François-Henri Pinault, chairman and ceo of Kering, said that “Throughout its history, Gucci has always created attention and excitement through its innovative and distinctive products and collections as it has become Italy's most renowned fashion house and one of the most iconic, and prominentluxury brands in the world. Alessandro Michele has both the qualities and the vision necessary to bring a new contemporary perspective to Gucci and lead the brand into an exciting new creative chapter of its history."
Giannini and di Marco revealed in December that they would step down from their roles. The designer, who’d spent nearly a decade at Gucci, was set to step down following the women’s show in February.
As reported first by WWD on Jan. 12, Giannini made a surprise exit from the company earlier this month. It is understood Gucci cut short Giannini’s contract in a bid to facilitate decision-making about the brand’s future creative direction.
The failure of Giannini and di Marco, who are also partners, to turn around the flagging brand precipitated their departure, setting off a guessing game as to who would succeed Giannini and who might be able to get the brand back on a solid growth track.

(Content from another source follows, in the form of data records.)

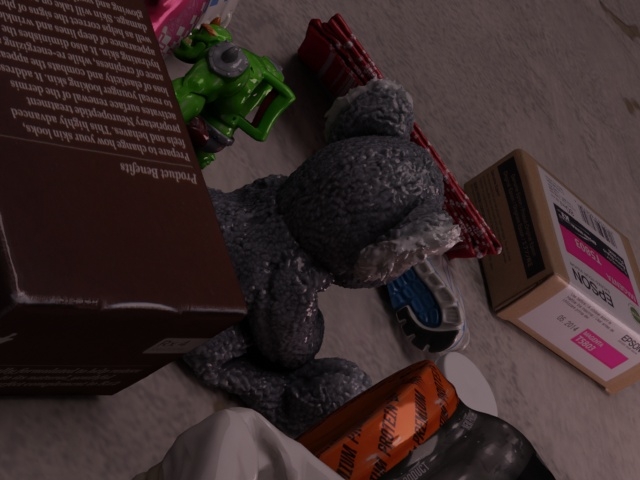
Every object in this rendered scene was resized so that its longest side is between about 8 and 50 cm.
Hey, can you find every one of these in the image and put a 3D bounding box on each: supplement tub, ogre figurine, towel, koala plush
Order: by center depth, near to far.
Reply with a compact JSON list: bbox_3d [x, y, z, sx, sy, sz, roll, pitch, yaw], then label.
[{"bbox_3d":[0.102,0.260,0.941,0.338,0.207,0.207,56,26,0],"label":"supplement tub"},{"bbox_3d":[0.000,0.000,1.053,0.203,0.221,0.196,31,35,-39],"label":"koala plush"},{"bbox_3d":[-0.087,-0.100,1.098,0.097,0.118,0.197,53,11,26],"label":"ogre figurine"},{"bbox_3d":[0.078,0.142,1.147,0.071,0.107,0.071,39,31,-29],"label":"supplement tub"},{"bbox_3d":[0.069,-0.094,1.403,0.275,0.031,0.199,55,-4,-3],"label":"towel"}]

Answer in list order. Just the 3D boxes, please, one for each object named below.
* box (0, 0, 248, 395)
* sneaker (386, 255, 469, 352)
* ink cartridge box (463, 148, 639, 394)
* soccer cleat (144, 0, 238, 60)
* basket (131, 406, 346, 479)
[{"bbox_3d":[-0.202,-0.100,0.897,0.191,0.143,0.381,8,55,-53],"label":"box"},{"bbox_3d":[0.089,0.026,1.361,0.083,0.071,0.191,32,35,-63],"label":"sneaker"},{"bbox_3d":[0.276,0.036,1.619,0.234,0.088,0.193,34,32,-38],"label":"ink cartridge box"},{"bbox_3d":[-0.121,-0.202,1.212,0.331,0.116,0.143,-72,153,-46],"label":"soccer cleat"},{"bbox_3d":[-0.027,0.313,0.600,0.331,0.266,0.328,42,29,-27],"label":"basket"}]
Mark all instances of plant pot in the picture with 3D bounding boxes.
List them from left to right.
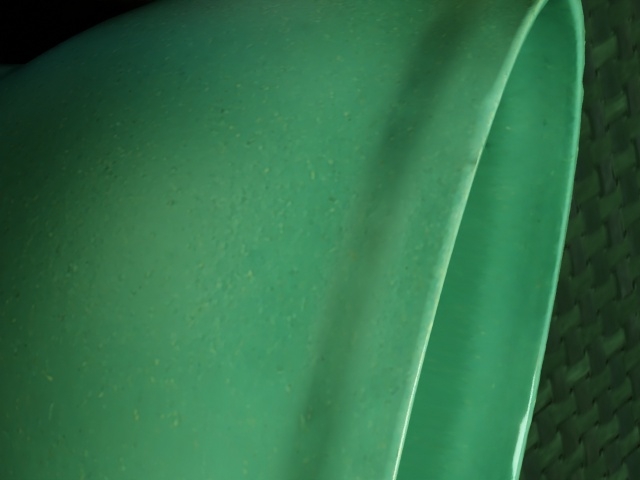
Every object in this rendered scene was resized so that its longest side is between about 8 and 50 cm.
[{"bbox_3d":[-0.041,0.044,0.584,0.293,0.196,0.293,11,90,-77],"label":"plant pot"}]
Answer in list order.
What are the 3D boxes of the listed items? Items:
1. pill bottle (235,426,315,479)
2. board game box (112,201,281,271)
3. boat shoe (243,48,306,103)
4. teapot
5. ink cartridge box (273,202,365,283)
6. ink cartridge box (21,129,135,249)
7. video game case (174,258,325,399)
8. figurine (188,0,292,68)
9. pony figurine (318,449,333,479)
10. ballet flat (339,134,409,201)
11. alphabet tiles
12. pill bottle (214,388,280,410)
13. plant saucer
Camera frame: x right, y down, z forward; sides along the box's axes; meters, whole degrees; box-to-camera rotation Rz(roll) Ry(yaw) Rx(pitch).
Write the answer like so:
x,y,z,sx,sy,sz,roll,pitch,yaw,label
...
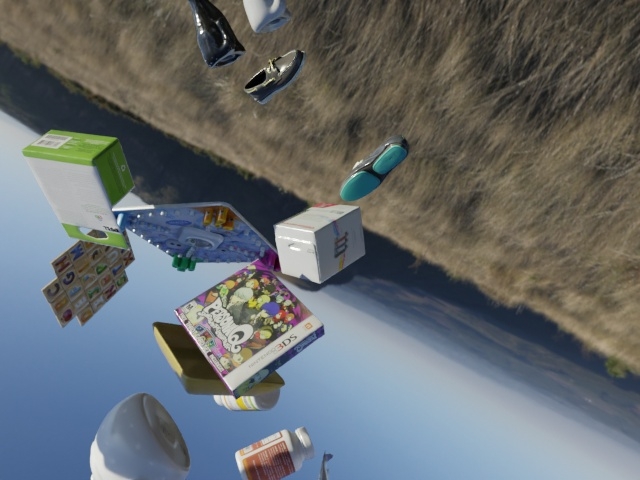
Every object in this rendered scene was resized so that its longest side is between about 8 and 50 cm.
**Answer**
x,y,z,sx,sy,sz,roll,pitch,yaw,label
-0.130,0.638,1.339,0.121,0.216,0.121,161,90,-75,pill bottle
-0.351,0.008,1.315,0.389,0.050,0.390,-2,156,19,board game box
-0.130,-0.459,1.263,0.068,0.081,0.227,22,149,-35,boat shoe
-0.437,0.493,1.052,0.252,0.187,0.256,53,168,17,teapot
0.000,0.000,1.066,0.128,0.127,0.176,11,-153,40,ink cartridge box
-0.539,-0.114,1.067,0.188,0.097,0.255,10,133,13,ink cartridge box
-0.143,0.162,0.905,0.232,0.210,0.042,41,151,35,video game case
-0.179,-0.472,0.854,0.214,0.092,0.209,-20,105,34,figurine
0.040,0.766,1.124,0.363,0.303,0.351,13,-157,4,pony figurine
0.119,-0.163,1.008,0.074,0.074,0.203,29,134,-23,ballet flat
-0.731,0.105,1.469,0.011,0.342,0.285,16,132,15,alphabet tiles
-0.278,0.556,1.674,0.245,0.136,0.136,-17,146,38,pill bottle
-0.324,0.373,1.385,0.332,0.081,0.332,19,-174,-40,plant saucer

Michele emerged over a string of designers that sources had identified as Givenchy’s couturier Riccardo Tisci and one of Valentino’s creative duo, Maria Grazia Chiuri, along with Joseph Altuzarra. Kering, controlled by France’s Pinault family, has a track record of promoting inside talents.
Indeed, when Gucci was faced with replacing its tag-team of Tom Ford and Domenico De Sole when they exited in 2004, it promoted a trio of insiders — Alessandra Facchinetti, Giannini and John Ray — to succeed Ford at the design helm, heading women’s ready-to-wear, accessories and men’s wear, respectively.
Giannini ultimately took over as the brand’s sole creative director in 2006, relocating the design studios to her hometown of Rome.
Gucci is trying to reverse sliding sales in China and elsewhere by reinventing itself with fewer logo products. In the third quarter of 2014, Gucci revenues slipped 1.6 percent to 851 million euros, or $1.13 billion, despite positive trends in directly operated stores in North America and Japan, as reported.